Abstract: Generative flows are attractive because they admit exact likelihood optimization and efficient image synthesis. Recently, Kingma & Dhariwal (2018) demonstrated with Glow that generative flows are capable of generating high quality images. We generalize the 1 x 1 convolutions proposed in Glow to invertible d x d convolutions, which are more flexible since they operate on both channel and spatial axes. We propose two methods to produce invertible convolutions that have receptive fields identical to standard convolutions: Emerging convolutions are obtained by chaining specific autoregressive convolutions, and periodic convolutions are decoupled in the frequency domain. Our experiments show that the flexibility of d x d convolutions significantly improves the performance of generative flow models on galaxy images, CIFAR10 and ImageNet.


Talk by Herke van Hoof

You are all cordially invited to the AMLab seminar on Thursday January 17 at 16:00 in C3.163, where Herke van Hoof will give a talk titled “Learning Selective Coverage Strategies for Surveying and Search”. Afterwards there are the usual drinks and snacks!

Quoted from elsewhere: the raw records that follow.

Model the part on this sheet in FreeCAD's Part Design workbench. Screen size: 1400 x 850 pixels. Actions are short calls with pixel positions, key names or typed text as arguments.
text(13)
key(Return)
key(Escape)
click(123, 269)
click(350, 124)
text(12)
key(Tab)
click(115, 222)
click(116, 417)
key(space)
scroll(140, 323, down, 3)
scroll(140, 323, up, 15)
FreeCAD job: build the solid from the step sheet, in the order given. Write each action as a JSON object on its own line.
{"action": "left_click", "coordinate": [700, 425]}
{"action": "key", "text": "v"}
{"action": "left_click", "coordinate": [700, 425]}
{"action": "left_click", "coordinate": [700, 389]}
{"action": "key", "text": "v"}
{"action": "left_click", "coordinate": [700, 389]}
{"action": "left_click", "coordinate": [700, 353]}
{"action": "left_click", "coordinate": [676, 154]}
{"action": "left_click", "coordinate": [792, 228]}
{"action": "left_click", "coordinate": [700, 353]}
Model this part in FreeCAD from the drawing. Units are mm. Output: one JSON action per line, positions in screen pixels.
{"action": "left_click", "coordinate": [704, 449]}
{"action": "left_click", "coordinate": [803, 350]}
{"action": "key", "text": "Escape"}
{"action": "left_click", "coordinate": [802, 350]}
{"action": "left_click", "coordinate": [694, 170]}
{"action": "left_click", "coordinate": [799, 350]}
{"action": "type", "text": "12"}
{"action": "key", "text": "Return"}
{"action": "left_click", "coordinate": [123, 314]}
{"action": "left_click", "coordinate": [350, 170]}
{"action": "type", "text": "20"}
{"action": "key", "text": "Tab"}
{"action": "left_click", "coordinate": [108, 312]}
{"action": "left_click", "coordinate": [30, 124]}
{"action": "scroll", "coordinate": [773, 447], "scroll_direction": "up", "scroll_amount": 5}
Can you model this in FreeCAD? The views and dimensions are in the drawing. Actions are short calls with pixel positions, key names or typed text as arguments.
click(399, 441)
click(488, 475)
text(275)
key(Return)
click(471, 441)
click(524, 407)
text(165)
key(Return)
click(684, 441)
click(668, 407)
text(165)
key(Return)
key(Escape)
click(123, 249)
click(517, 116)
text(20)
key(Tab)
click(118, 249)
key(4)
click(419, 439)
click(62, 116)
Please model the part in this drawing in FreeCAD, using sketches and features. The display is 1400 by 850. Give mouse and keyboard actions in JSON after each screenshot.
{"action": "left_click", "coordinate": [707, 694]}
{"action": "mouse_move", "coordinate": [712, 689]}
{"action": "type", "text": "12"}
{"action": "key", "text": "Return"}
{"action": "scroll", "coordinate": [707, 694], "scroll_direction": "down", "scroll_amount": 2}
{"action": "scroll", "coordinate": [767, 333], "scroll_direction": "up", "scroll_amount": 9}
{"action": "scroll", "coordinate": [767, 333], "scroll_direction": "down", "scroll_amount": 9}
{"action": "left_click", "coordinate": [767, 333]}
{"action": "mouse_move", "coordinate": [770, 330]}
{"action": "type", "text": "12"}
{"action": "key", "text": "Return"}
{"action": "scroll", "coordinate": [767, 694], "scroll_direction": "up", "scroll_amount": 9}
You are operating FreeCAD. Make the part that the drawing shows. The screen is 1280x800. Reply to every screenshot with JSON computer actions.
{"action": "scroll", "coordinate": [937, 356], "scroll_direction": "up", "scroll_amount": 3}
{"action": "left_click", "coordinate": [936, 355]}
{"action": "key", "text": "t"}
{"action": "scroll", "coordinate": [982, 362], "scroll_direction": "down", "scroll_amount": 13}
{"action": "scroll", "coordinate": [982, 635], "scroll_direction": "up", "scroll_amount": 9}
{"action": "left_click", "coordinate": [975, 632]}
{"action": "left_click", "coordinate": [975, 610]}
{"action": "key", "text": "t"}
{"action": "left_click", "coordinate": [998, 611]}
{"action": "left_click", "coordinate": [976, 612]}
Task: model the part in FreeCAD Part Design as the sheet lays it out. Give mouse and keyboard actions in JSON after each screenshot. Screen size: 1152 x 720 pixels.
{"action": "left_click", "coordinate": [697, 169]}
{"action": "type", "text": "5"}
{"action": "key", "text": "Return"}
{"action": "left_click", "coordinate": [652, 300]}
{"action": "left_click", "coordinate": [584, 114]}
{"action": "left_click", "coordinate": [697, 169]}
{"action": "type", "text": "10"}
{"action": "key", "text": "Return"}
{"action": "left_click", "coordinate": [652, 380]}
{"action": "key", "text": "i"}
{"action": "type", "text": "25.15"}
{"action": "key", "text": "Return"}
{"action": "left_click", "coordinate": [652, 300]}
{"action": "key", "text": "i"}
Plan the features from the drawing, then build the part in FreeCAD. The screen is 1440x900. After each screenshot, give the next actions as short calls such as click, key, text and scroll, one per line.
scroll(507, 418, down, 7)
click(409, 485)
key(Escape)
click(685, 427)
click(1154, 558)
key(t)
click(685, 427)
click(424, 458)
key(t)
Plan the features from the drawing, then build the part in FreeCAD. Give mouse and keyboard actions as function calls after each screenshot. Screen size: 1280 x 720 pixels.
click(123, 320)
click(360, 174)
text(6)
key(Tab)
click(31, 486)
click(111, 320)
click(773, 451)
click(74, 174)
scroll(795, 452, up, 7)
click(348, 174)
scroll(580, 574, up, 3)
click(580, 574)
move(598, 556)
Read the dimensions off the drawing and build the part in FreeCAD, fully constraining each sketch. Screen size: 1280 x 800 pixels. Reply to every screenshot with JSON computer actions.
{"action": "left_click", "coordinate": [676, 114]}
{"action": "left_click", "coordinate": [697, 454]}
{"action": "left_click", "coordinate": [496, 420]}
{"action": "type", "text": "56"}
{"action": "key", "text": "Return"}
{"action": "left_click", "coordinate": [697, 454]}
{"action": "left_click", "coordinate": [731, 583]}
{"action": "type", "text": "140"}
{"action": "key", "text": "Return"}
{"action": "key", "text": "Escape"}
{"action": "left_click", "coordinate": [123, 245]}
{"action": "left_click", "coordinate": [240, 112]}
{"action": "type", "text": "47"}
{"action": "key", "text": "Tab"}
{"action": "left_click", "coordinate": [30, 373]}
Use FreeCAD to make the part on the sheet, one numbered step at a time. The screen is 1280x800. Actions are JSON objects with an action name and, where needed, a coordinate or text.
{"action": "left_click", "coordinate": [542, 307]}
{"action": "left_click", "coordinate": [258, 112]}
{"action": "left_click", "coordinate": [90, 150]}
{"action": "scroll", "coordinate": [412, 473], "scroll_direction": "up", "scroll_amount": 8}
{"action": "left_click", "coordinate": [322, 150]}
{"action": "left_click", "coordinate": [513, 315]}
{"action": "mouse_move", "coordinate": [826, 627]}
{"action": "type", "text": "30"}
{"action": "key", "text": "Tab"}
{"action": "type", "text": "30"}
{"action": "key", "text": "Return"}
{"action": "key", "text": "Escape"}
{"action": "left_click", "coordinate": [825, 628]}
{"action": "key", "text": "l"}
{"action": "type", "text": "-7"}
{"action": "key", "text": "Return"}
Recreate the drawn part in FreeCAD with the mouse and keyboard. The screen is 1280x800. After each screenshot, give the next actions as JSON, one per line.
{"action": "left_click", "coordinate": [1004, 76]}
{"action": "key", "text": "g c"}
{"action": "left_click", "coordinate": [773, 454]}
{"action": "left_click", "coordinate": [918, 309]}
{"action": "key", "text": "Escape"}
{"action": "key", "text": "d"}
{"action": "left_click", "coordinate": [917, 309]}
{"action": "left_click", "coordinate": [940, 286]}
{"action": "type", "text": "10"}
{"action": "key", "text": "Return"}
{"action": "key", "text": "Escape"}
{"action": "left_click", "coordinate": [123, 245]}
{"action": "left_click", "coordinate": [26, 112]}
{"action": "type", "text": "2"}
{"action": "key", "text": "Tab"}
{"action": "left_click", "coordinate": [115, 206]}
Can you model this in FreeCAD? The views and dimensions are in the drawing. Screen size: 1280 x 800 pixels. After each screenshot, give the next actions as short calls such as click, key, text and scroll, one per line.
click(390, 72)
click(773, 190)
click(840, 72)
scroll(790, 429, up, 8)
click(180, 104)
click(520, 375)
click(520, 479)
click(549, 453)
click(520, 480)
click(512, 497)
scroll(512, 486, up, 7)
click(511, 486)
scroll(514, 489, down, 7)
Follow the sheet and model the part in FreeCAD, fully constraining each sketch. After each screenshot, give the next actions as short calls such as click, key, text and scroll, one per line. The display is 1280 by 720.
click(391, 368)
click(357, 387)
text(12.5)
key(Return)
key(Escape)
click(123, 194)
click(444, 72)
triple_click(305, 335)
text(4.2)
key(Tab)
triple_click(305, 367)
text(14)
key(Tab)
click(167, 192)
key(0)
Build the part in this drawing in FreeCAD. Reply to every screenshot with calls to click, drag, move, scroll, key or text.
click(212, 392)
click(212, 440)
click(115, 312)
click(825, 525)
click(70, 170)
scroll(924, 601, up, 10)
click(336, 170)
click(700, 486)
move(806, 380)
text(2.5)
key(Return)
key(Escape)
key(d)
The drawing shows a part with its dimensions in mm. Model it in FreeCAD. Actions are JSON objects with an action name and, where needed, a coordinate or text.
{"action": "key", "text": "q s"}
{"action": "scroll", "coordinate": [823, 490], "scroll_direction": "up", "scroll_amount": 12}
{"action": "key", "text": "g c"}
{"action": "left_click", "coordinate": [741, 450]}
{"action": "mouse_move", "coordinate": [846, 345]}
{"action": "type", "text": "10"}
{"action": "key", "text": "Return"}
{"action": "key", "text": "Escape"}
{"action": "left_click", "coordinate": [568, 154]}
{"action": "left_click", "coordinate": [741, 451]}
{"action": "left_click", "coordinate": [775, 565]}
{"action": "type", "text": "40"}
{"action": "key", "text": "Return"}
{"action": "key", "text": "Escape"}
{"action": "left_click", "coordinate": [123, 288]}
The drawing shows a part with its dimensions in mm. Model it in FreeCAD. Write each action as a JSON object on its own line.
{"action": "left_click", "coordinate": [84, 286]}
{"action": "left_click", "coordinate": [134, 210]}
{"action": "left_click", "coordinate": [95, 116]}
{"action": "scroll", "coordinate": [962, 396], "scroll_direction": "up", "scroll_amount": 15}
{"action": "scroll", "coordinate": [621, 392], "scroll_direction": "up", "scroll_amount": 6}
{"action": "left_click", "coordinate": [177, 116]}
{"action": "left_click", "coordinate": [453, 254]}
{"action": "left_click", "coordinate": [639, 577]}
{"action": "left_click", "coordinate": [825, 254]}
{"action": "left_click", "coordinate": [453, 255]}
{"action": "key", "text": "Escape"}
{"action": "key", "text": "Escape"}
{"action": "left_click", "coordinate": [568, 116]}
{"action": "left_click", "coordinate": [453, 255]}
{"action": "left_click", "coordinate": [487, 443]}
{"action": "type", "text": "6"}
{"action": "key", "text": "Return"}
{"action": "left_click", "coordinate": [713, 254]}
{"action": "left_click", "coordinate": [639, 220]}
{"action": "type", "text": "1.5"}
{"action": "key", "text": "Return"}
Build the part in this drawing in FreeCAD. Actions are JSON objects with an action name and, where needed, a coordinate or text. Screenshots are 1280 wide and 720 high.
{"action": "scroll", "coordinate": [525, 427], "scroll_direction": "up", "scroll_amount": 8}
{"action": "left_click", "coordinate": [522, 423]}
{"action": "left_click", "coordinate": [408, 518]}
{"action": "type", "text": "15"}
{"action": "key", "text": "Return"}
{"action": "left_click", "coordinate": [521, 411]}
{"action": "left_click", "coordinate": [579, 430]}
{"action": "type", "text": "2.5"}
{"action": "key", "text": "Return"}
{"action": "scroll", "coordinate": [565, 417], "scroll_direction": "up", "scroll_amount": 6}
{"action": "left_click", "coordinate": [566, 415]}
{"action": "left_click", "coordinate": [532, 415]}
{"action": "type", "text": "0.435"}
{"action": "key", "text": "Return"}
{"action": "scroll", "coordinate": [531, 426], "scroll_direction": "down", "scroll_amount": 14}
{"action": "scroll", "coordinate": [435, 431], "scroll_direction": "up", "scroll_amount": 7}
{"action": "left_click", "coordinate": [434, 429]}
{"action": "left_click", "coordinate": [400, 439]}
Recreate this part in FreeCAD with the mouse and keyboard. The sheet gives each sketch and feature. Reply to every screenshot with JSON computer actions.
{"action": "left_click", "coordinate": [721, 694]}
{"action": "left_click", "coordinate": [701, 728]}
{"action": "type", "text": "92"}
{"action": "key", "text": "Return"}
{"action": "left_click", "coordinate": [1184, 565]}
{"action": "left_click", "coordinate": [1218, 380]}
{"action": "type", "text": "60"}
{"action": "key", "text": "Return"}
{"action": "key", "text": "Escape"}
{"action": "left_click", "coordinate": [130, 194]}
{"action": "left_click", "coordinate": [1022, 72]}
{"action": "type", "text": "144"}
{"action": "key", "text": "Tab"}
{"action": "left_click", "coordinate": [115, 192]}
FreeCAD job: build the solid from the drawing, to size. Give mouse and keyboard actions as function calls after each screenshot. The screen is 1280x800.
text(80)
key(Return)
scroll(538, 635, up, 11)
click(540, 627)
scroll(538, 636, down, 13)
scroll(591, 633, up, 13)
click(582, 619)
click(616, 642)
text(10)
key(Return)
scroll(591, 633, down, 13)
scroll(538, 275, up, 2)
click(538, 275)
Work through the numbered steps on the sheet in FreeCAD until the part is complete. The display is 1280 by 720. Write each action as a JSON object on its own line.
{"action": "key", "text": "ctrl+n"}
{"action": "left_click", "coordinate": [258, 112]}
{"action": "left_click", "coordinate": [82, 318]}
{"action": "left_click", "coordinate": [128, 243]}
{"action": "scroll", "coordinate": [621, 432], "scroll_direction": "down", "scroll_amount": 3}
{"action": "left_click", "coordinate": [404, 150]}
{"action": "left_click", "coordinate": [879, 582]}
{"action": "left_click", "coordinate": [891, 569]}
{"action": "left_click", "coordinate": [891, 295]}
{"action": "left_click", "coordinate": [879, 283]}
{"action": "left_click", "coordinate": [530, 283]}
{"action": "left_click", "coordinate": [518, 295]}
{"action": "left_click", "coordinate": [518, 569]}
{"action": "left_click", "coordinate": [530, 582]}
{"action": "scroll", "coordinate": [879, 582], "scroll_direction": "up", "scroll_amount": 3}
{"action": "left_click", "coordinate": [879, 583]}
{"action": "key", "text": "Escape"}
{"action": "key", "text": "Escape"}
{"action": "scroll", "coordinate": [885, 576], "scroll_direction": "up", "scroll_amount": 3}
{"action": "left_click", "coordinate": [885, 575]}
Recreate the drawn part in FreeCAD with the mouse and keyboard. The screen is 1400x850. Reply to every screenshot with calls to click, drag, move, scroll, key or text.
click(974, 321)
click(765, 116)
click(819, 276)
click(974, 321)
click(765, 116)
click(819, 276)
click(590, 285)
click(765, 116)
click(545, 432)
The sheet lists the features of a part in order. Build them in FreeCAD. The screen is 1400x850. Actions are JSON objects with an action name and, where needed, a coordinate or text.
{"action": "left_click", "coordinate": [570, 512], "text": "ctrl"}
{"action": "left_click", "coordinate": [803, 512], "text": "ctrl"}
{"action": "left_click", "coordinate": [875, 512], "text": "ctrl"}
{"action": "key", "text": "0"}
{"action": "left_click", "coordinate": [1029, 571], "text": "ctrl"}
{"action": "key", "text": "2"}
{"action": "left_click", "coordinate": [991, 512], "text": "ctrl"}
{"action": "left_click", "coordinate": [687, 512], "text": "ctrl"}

Abstract: In this seminar, I’ll present a project I’ve been working on with Sandeep Manjanna and Gregory Dudek (Mobile Robotics Lab, McGill University). In this project, we investigated selective coverage strategies for a robot tasked with surveying or searching prioritised locations in a given area. This problem can be modelled as a Markov decision process and solved with reinforcement learning strategies, but the state space is extremely large, requiring these states to be aggregated. The proposed state aggregation method is shown to generalize well between different environments. In field tests over reefs at the Folkestone Marine Reserve, using this method an autonomous surface vehicle was able to improve the number of useable visual data samples.